В ночь с 12 на 13 обвиненные переведены были из Люксембурга в Консьержери. Проходя под сводом, который уже суждено было ему пройти только на казнь, Дантон сказал окружавшим его: «В такое же время основал я революционный трибунал, и прошу в этом прощения у Бога и людей. Я взойду на эшафот за то, что пролил несколько слез о судьбе несчастных. Перед смертью единственное мое сожаление будет о том, что в жизни ничем не мог быть полезным».
13 жерминаля они предстали перед судом. Состав трибунала был предметом особой заботливости комитетов. Присяжные были тщательно избраны; взяли тех, которые уже доказали на деле рвение свое при расстреливании несчастных, приводимых перед их судом. Это были Треншар, Реноден — правая рука Робеспьера, Виллат, Люмиер, Дебуасси, Субербиель, Ганней, который, по словам Мишле, был идиотом, и не понимая ни вопросов, ни ответов, осуждал на смерть всех без разбора; наконец крепчайший из крепких бывший маркиз Леруа де Монфламбер, гражданин 10 августа. Председательствовал Герман; судьями же были Массон, Денизо, Фуко и Бравэ.

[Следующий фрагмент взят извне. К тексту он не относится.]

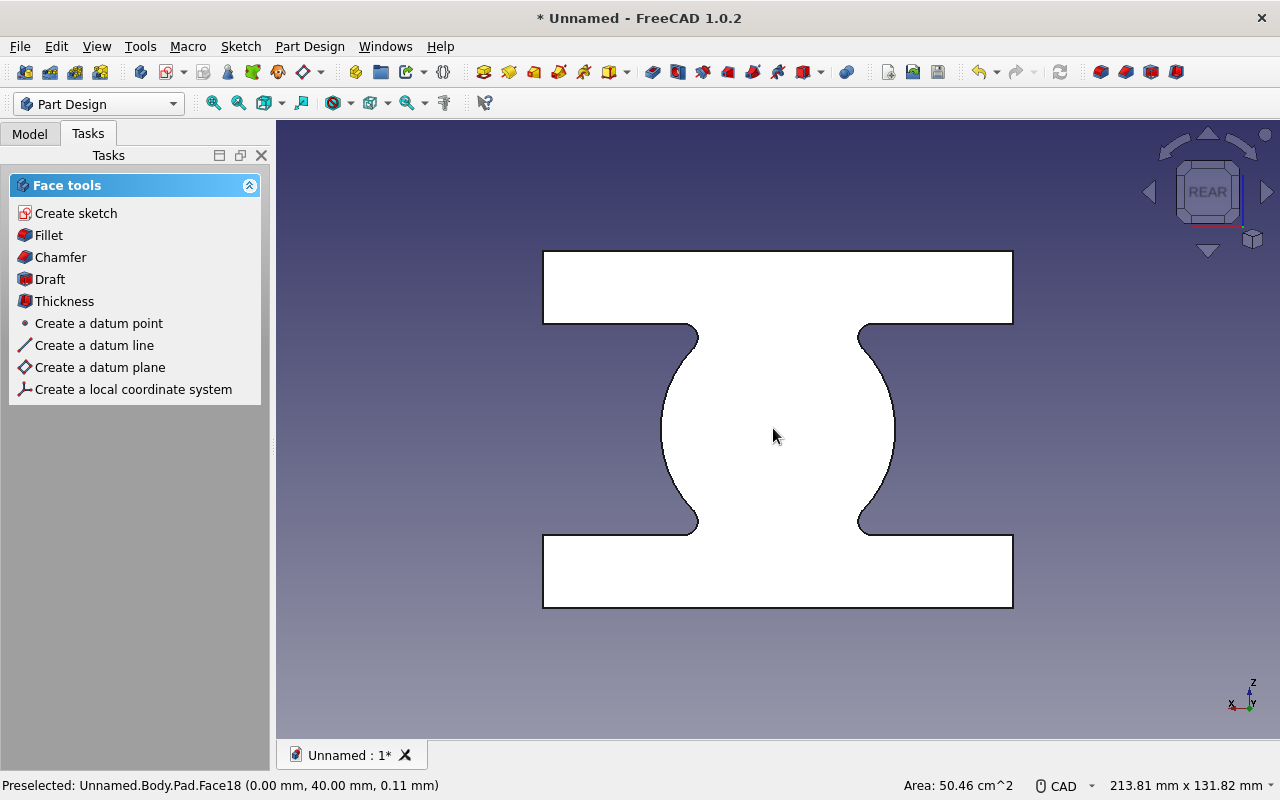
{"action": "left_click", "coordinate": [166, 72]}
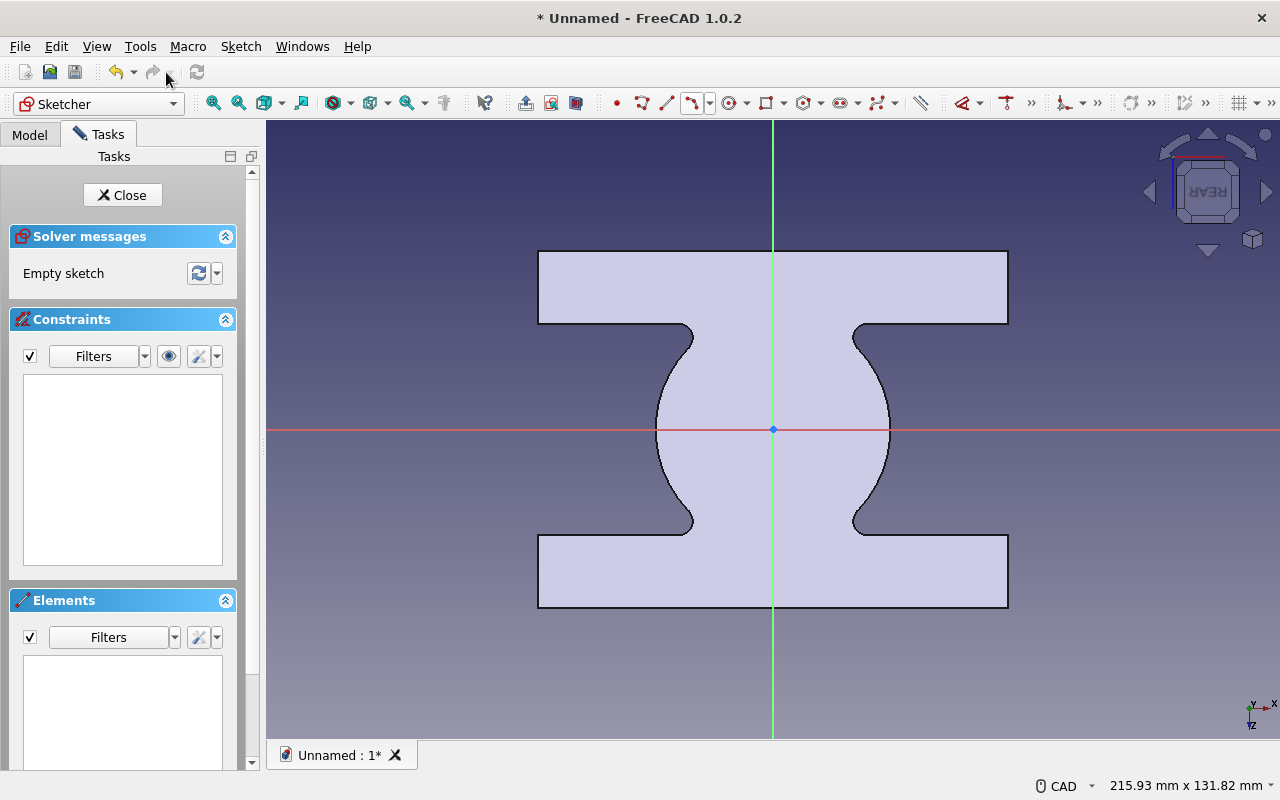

Чтобы оправдать обвинения Сен-Жюста, включили в процесс Дантона тех представителей, которые обвинялись в лихоимстве: Шабо, Делоне, Базира, почти уличенных в том, что первые двое из жадности, третий — из слабости торговали своим влиянием в деле акций индийской компании; Фабр д’Еглантин, сообщничество которого в этом деле осталось недоказанным, но пера, которого Робеспьер боялся почти столько же, как пера Демулена. Приняв за основу лихоимство, в котором обвиняли Лакруа и Дантона за время командировки их в Бельгию, легко было установить подобие сообщничества между ними и вышеназванными лихоимцами. Не так легко было приобщить к этому же делу Геро де-Сешеля, арестованного по неопределенным обвинениям комитета общественной безопасности и преимущественно за то, что он дал у себя убежище изгнаннику; а также Филиппо, виновного в том, что Робеспьер называл филиппотиками резкие статьи, которыми он клеймил образ действий агентов республики во время Вандеи; но решили обойтись без правдоподобия и, прибавив к кучке обвиненных одного датчанина, одного испанца и двух немцев, составили такое целое, которое вполне оправдывало данный ему громкий титул: заговор иностранцев.